William Branwhite Clarke, FRS (2 June 179816 June 1878) was an English geologist and clergyman, active in Australia.

Early life and England
Clarke was born at East Bergholt, in Suffolk, the eldest child of William Clarke, schoolmaster, and his wife Sarah, née Branwhite.  He was partly educated at his father's house, under the Rev. R. G. S. Brown, B.D., and partly at Dedham Grammar School.  In October 1817 he went to Cambridge and entered into residence at Jesus College.  In 1819 he entered a poem for the Chancellor's Gold Medal; this was awarded to Macaulay, but Clarke's poem Pompeii, published in the same year, was judged second. He took his BA degree in 1821, and obtained his MA degree in 1824.  In 1821 he was appointed curate of Ramsholt in Suffolk, and he acted in his clerical capacity in other places until 1839. He was also master of the Free School of East Bergholt for about 18 months in 1830–1. Having become interested in geology through the teachings of Adam Sedgwick, he used his opportunities and gathered many interesting facts on the geology of East Anglia which were embodied in a paper On the Geological Structure and Phenomena of Suffolk (Trans. Geol. Soc. 1837).  He also communicated a series of papers on the geology of S.E. to the Magazine of Nat. Hist. (1837–1838).

Career in Australia
In 1839, after a severe illness, Clarke left England for New South Wales, mainly with the object of benefiting by the sea voyage.  He had been commissioned by some of his English colleagues to ascertain the extent and character of the carboniferous formation in New South Wales (Clarke's letter to Sydney Morning Herald, 18 February 1852). He remained, however, in that country, and came to be regarded as the Father of Australian Geology.

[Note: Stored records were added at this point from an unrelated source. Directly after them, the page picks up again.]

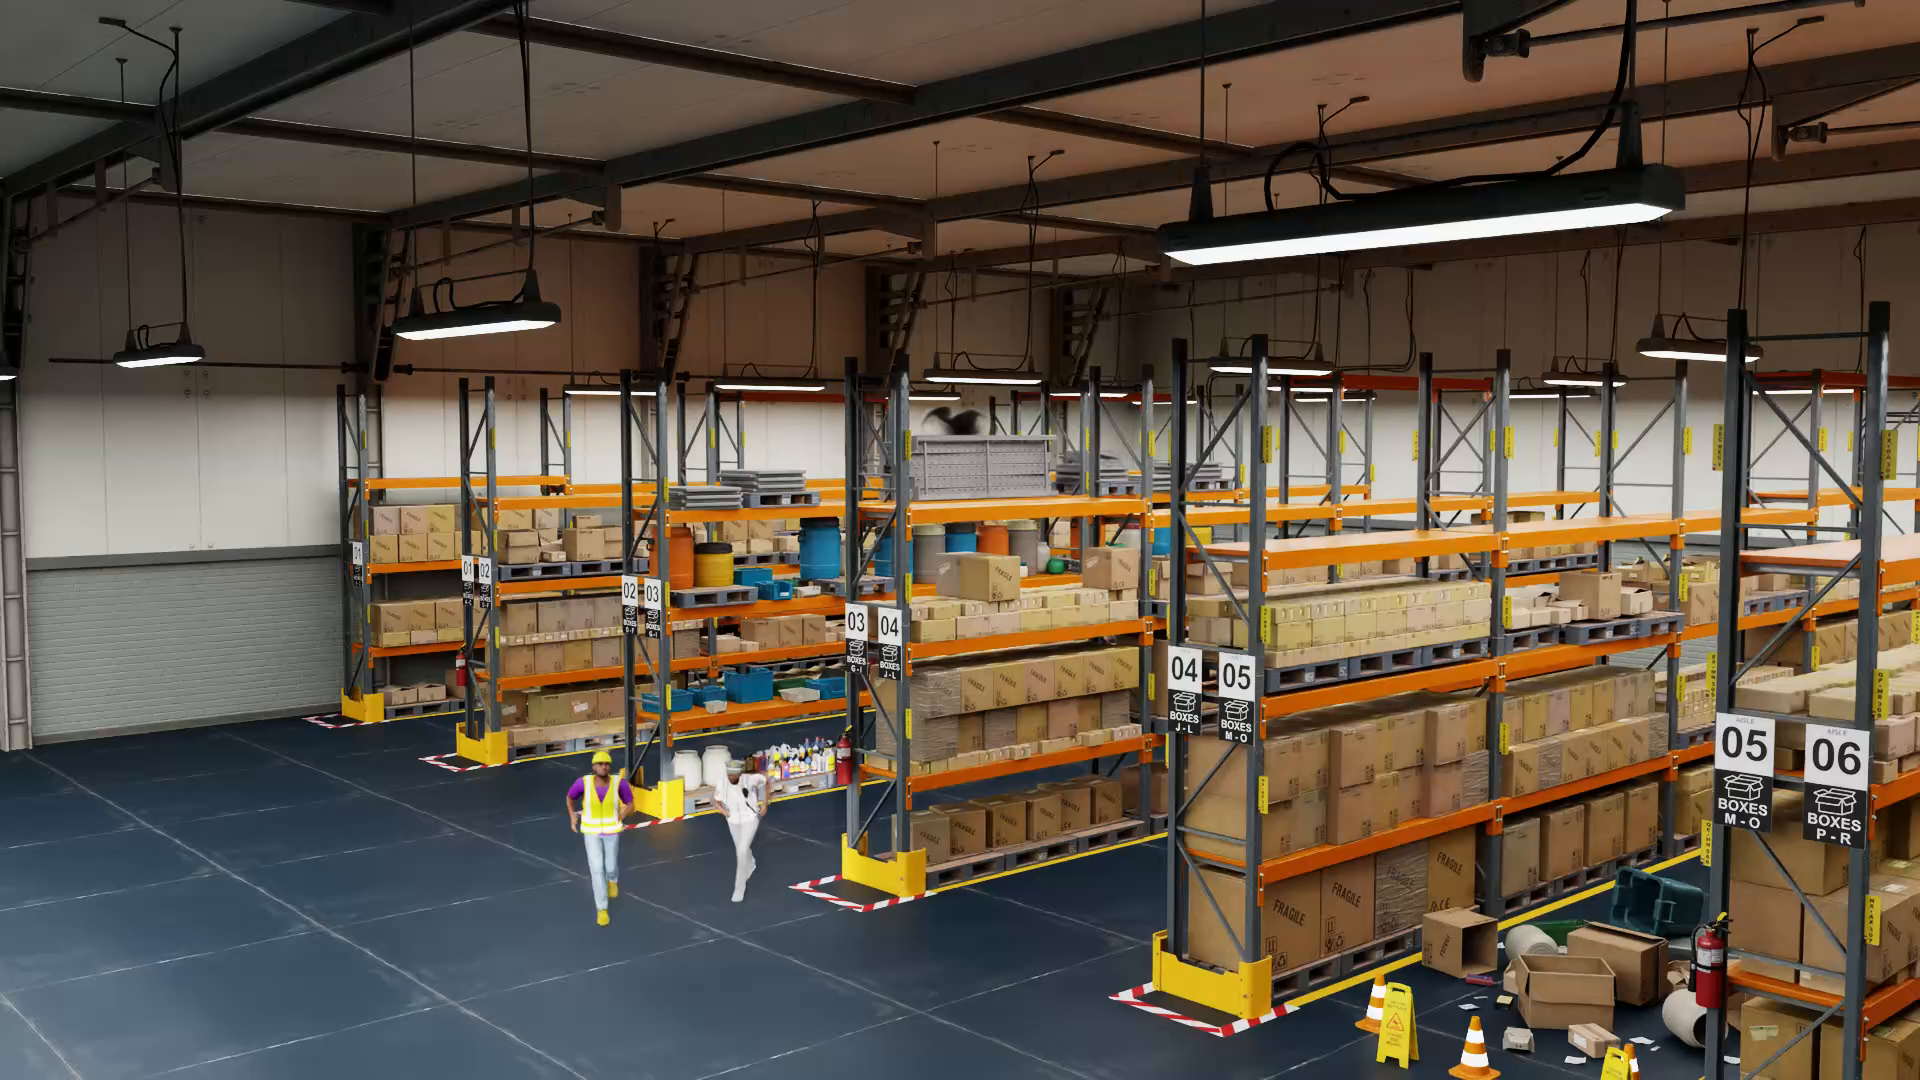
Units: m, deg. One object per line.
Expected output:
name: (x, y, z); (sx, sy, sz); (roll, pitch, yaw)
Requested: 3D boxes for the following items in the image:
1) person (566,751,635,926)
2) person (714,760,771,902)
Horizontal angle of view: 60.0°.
person: (-3.829, 3.116, 17.746); (0.709, 1.768, 0.980); (-1, 4, -16)
person: (-2.407, 3.188, 18.593); (0.619, 1.621, 0.975); (0, 4, 6)
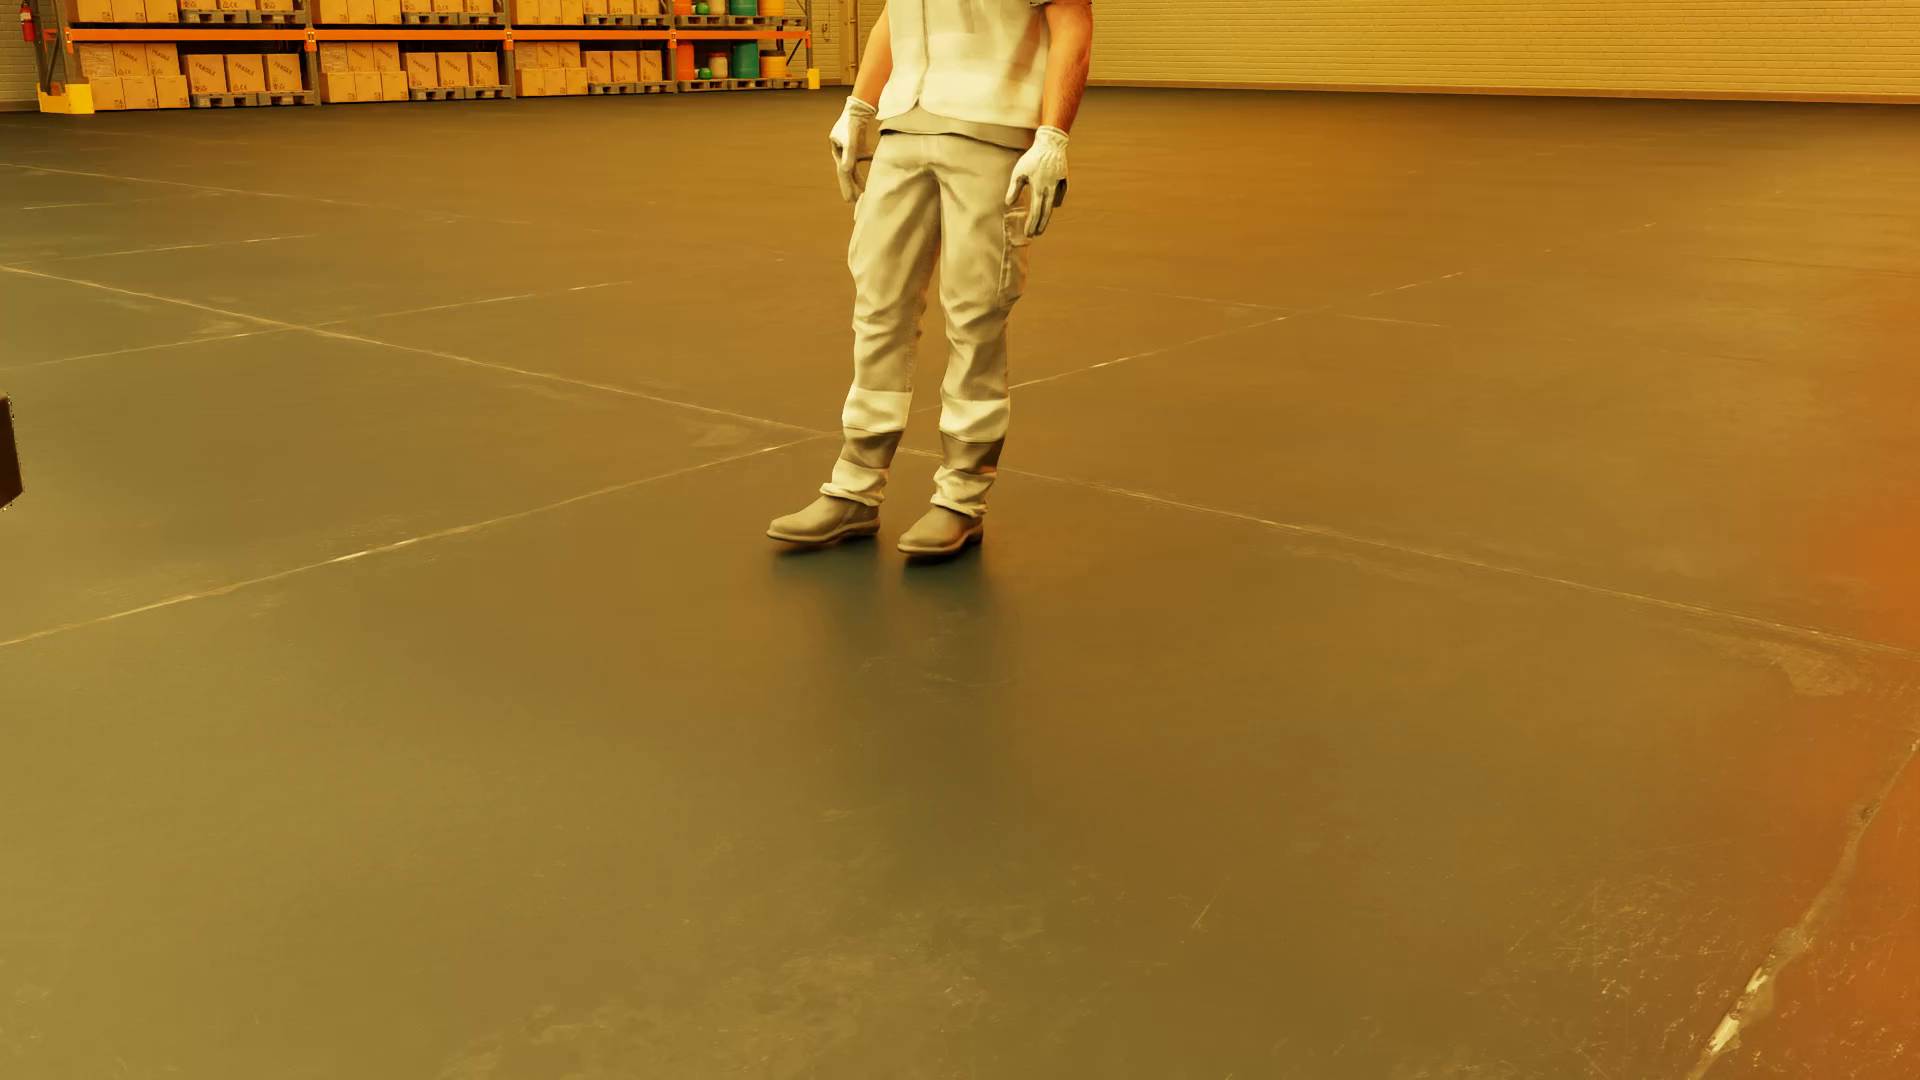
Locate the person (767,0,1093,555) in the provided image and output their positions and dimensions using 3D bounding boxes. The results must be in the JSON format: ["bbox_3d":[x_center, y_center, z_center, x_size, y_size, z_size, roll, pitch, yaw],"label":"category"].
[{"bbox_3d":[-0.060,-0.847,3.627,0.638,1.789,0.562,13,21,37],"label":"person"}]

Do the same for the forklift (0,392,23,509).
[{"bbox_3d":[-3.712,-1.249,3.009,3.031,2.935,1.130,-3,17,-10],"label":"forklift"}]

Clarke was headmaster of The King's School, Parramatta, in May 1839 until the end of 1840.  Until 1870 he ministered to parishes from Parramatta to the Hawkesbury River, then of Campbelltown, and finally of Willoughby. He zealously devoted attention to the geology of the country, with results that have been of paramount importance. In 1841 he found specimens of gold, but he was not the first European who had obtained it in situ in the country. (This honour goes correctly to Government Surveyor James McBrien who found flakes at Locksley NSW in February 1823). Clarke described finding it both in the detrital deposits and in the quartz reefs west of the Blue Mountains, the same area where McBrien had found it, and he declared his belief in its abundance.  Mr R Lowe, Lieutenant William Lawson, an unnamed convict (who was flogged for the discovery), Dr Johann Lhotsky, and "Count" Paul Strzelecki had also found gold in Australia before Clarke.  It appears they mostly had found alluvial flakes, whereas Clarke had found it embedded in quartz rocks. Early in 1844 he showed the governor of New South Wales, Sir George Gipps, some specimens of gold he had found. Sir George asked him where he had got it, and when Clarke told him said "Put it away or we shall have our throats cut". Clarke, in his evidence before the select committee on his claims, which sat in 1861, stated that he knew of the existence of the gold in 1841. Clarke, however, agreed with Gipps that it may not be wise to announce the presence of gold in the colony. Clarke continued his clerical duties, but was occasionally lent to the government to carry out geological investigations. In 1849 he made the first discovery of tin in Australia and in 1859 he made known the occurrence of diamonds.  He discovered secondary (Cretaceous) fossils in Queensland in 1860, he was also the first to indicate the presence of Silurian rocks, and to determine the age of the coal-bearing rocks in New South Wales.  In 1869 he announced the discovery of remains of Dinornis in Queensland. He finished the preparation of the fourth edition of his Remarks on the Sedimentary Formations of New South Wales on his eightieth birthday, and died a fortnight later on 16 June 1878.  He was buried in the St Thomas cemetery, the graveyard of the North Shore church he was rector of for many years; and his widow and some descendants and relatives are close by.

Legacy

Clarke was a trustee of the Australian Museum at Sydney, and an active member of the Royal Society of New South Wales of which he was vice-president 1866–1878; the Clarke Medal awarded by the Society is named in his honour.  In 1860 he published Researches in the Southern Gold Fields of New South Wales.  He was elected Fellow of the Royal Society in 1876, and in the following year was awarded the Murchison Medal by the Geological Society of London.  His contributions to Australian scientific journals were numerous. He died near Sydney.  His name is commemorated in the William Clarke College school at Kellyville, NSW and the WB Clarke Geoscience Centre at Londonderry, NSW operated by the Geological Survey of New South Wales.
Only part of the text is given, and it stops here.